[Start of Attachment]
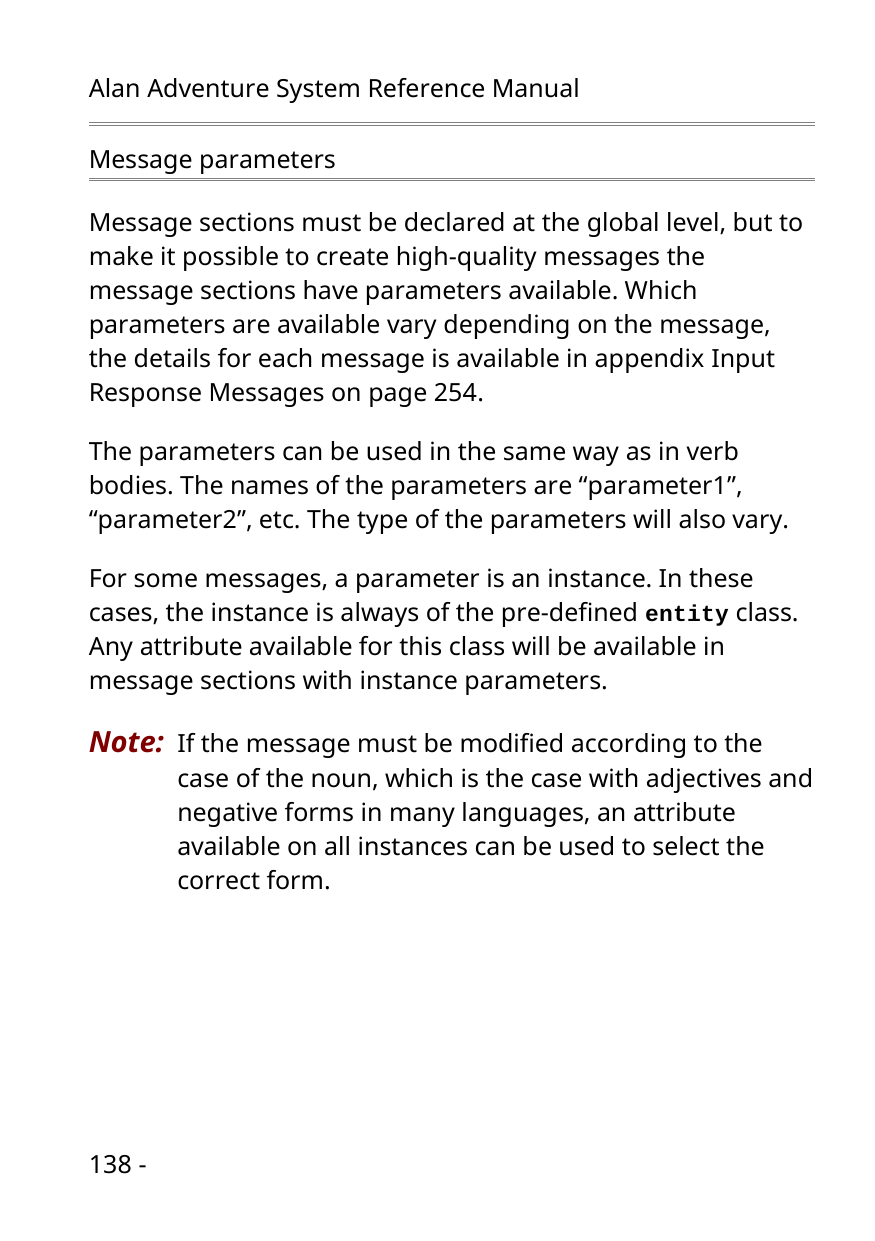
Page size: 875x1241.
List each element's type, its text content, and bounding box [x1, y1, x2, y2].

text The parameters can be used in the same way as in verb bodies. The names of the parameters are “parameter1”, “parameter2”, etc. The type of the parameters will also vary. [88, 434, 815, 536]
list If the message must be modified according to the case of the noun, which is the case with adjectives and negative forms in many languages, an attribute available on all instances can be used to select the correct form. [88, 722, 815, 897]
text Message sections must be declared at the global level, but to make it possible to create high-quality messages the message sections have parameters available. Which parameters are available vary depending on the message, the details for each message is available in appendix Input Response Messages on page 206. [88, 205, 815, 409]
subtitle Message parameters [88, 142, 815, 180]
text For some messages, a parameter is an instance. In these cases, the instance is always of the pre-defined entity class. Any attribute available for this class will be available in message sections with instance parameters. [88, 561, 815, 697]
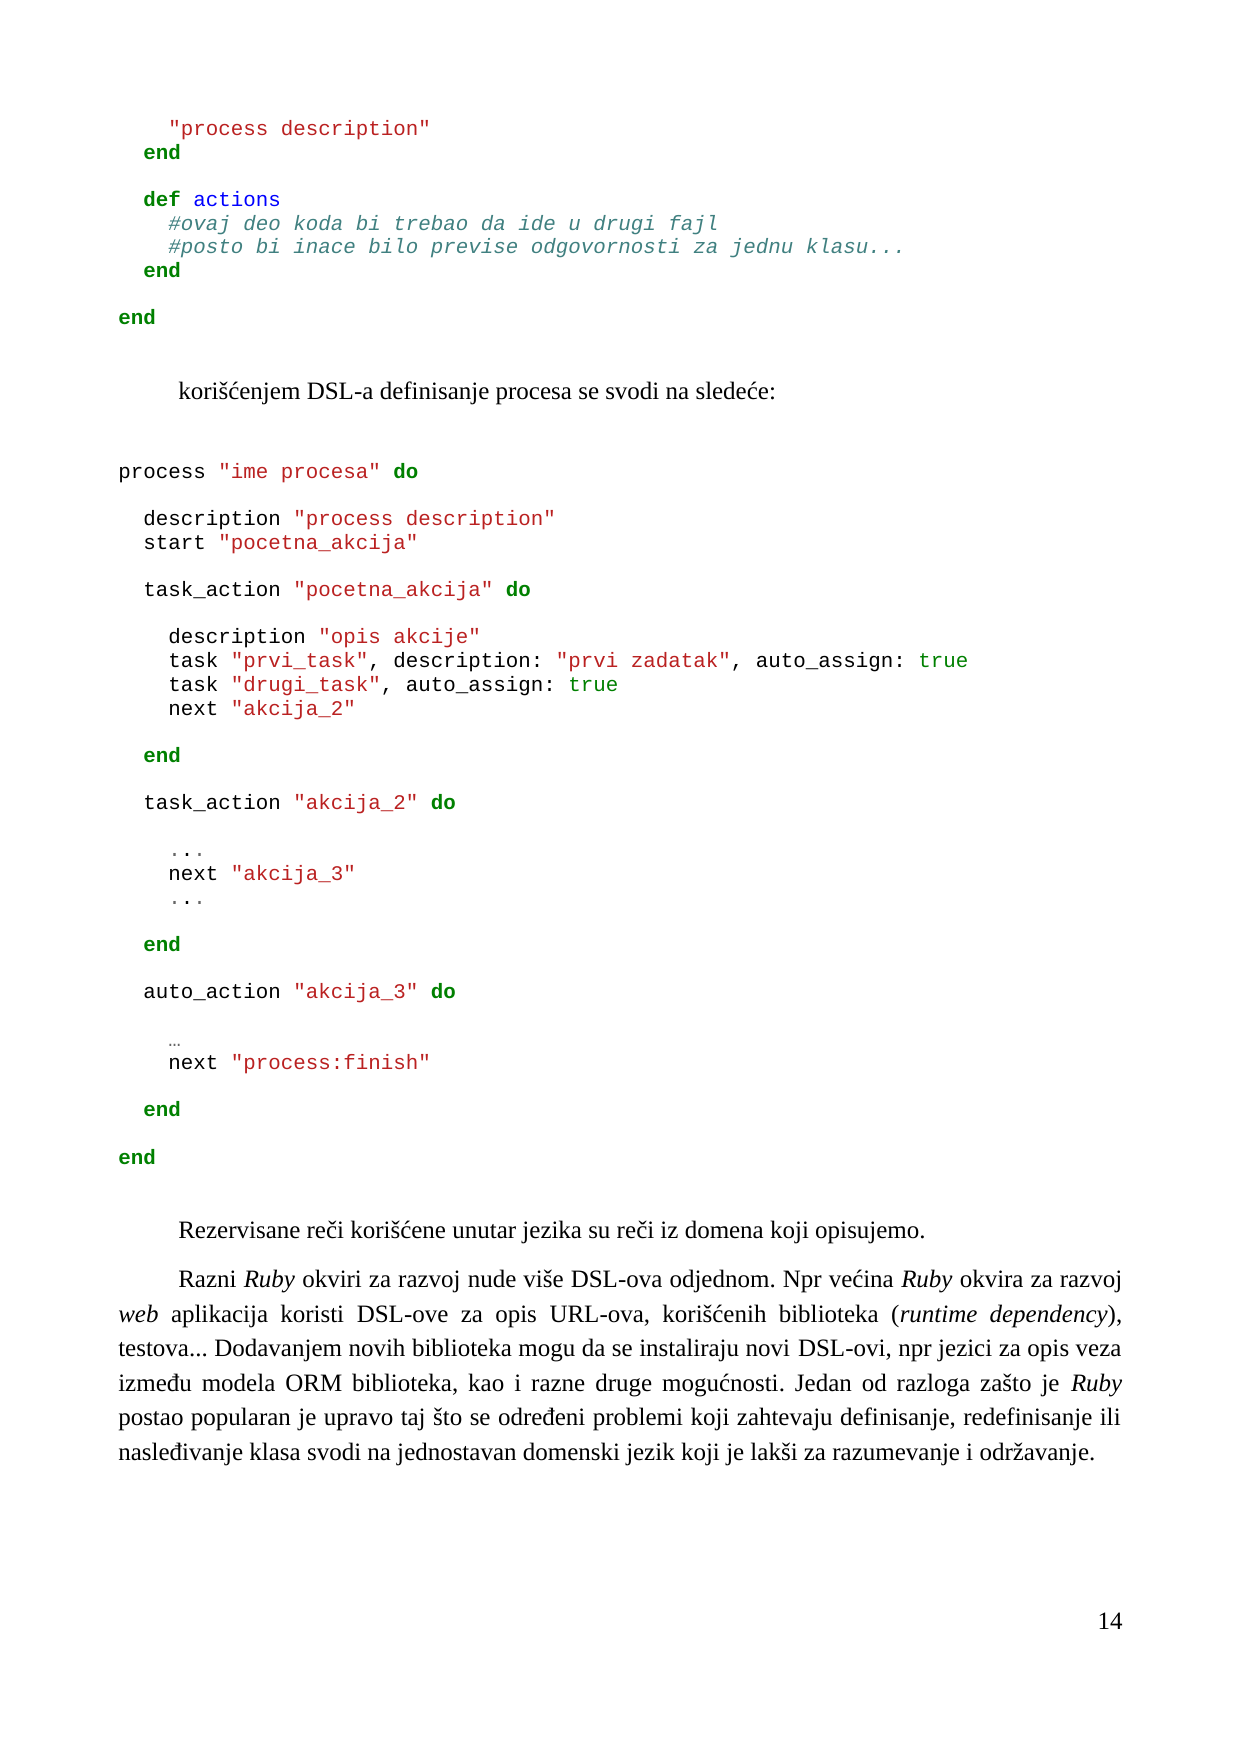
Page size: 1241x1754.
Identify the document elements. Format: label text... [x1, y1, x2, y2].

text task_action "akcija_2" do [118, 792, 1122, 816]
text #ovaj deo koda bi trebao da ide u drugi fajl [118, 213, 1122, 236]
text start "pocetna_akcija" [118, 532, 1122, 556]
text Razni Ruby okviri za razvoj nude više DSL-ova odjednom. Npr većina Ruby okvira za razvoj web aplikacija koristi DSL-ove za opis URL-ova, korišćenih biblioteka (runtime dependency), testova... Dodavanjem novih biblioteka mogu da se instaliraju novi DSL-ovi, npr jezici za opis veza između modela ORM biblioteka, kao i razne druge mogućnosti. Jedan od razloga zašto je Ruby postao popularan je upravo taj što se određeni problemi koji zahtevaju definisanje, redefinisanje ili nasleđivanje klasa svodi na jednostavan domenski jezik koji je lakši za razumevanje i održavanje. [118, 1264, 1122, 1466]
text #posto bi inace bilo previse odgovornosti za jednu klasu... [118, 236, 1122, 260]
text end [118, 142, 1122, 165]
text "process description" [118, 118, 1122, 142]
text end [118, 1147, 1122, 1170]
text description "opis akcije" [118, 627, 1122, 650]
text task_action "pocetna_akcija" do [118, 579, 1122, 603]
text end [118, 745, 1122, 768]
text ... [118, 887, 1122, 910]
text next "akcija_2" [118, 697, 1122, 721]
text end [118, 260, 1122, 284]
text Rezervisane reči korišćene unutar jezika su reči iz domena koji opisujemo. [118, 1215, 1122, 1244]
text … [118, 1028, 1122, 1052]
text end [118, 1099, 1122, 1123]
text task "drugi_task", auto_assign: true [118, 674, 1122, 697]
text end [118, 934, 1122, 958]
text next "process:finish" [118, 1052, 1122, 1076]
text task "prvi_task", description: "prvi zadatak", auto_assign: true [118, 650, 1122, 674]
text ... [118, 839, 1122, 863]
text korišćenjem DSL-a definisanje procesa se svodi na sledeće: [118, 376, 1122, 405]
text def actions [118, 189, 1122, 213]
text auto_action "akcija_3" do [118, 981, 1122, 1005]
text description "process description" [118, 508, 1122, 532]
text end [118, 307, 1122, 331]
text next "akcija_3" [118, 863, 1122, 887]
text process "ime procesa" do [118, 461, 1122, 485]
[End of Attachment]
- Work instruction -
What you should return is the exact text of every line from the top of the entries through the line with "list If the", pictures removed.

- Your solution -
Page size: 875x1241.
List each element's type, its text content, and bounding box [x1, y1, x2, y2].

text The parameters can be used in the same way as in verb bodies. The names of the parameters are “parameter1”, “parameter2”, etc. The type of the parameters will also vary. [88, 434, 815, 536]
list If the message must be modified according to the case of the noun, which is the case with adjectives and negative forms in many languages, an attribute available on all instances can be used to select the correct form. [88, 722, 815, 897]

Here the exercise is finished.